The image contains a math problem focused on expanding a square to a rectangle by altering its side lengths. The problem has four parts:

Problem Summary: A square of unknown side length $x$ inches has one side length increased by 4 inches and the other side increased by 7 inches.

Part (a):

You are to label the second diagram representing a new rectangle, constructed by increasing the sides as described. The original square has side lengths $x$, and you extend one side by 4 inches and the other by 7 inches.

Part (b):

Label each portion of the second diagram with their areas in terms of $x$ (where applicable). State the product of $(x + 4)$ and $(x + 7)$ as a trinomial.

Part (c):

If the original square had a side length of $x = 2$ inches, what is the area of the second rectangle? Show how you arrived at your answer.

Part (d):

Verify that the trinomial you found in part (b) has the same value as the area calculated in part (c) for $x = 2$.
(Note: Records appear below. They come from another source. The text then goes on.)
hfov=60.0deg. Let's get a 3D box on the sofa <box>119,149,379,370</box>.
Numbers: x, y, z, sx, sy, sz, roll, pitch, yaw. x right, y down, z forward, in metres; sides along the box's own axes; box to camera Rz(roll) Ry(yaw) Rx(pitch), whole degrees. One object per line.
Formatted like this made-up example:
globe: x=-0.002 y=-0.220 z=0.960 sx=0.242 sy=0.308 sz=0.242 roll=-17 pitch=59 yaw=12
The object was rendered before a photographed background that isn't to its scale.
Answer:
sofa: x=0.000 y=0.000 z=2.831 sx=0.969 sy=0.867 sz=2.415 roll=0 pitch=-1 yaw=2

Let's go through each part:

(a) Labeling the Diagram:

• Original square has a side length of $x$, so the area is $x^2$.
• The new rectangle's dimensions are $x + 4$ (one side increased by 4 inches) and $x + 7$ (the other side increased by 7 inches).

Thus, the dimensions of the rectangle are $x + 4$ and $x + 7$.
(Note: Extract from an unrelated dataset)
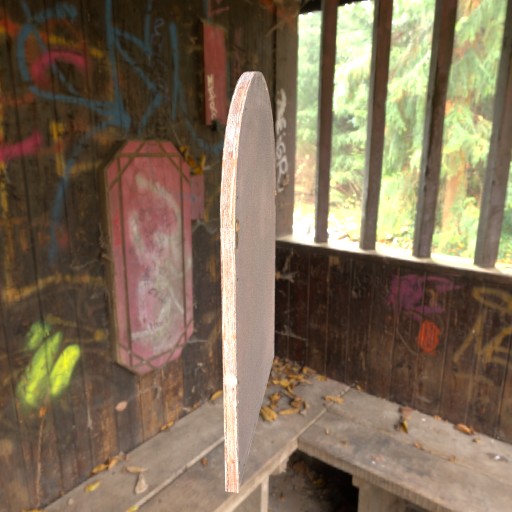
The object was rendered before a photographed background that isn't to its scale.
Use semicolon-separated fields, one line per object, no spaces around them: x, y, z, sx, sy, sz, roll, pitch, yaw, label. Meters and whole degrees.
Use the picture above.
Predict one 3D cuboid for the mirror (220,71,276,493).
0.000;0.000;1.191;0.032;0.920;0.660;2;14;9;mirror

(b) Labeling Areas and Expanding the Trinomial:

The total area of the new rectangle is the product of the two sides: $(x + 4)(x + 7) = x^2 + 7x + 4x + 28 = x^2 + 11x + 28$

Each part of the diagram represents:

1. $x^2$ for the original square.
2. $7x$ for the rectangle formed by extending one side by 7 inches.
3. $4x$ for the rectangle formed by extending the other side by 4 inches.
4. 28 for the small rectangle formed by increasing both sides by 4 and 7 inches.

(c) Area When $x = 2$:

Substitute $x = 2$ into the dimensions of the rectangle: $\text{Length} = 2 + 4 = 6, \quad \text{Width} = 2 + 7 = 9$ The area of the second rectangle is: $\text{Area} = 6 \times 9 = 54 \text{ square inches.}$

(d) Verifying the Trinomial for $x = 2$:

Substitute $x = 2$ into the trinomial $x^2 + 11x + 28$: $(2)^2 + 11(2) + 28 = 4 + 22 + 28 = 54$

The area from the trinomial is also 54, confirming the result from part (c).

Do you need more details on any step, or would you like to go over specific sections further?

Related Questions:

1. What is the significance of expanding the square to a rectangle geometrically?
2. How does the distributive property apply when expanding binomials?
3. Can you explain how each area component represents a part of the expanded rectangle?
4. How does the formula for the area of a rectangle relate to this problem?
5. Why is it important to verify answers algebraically, as done in part (d)?

Tip: When expanding a binomial product, always group like terms to simplify expressions accurately.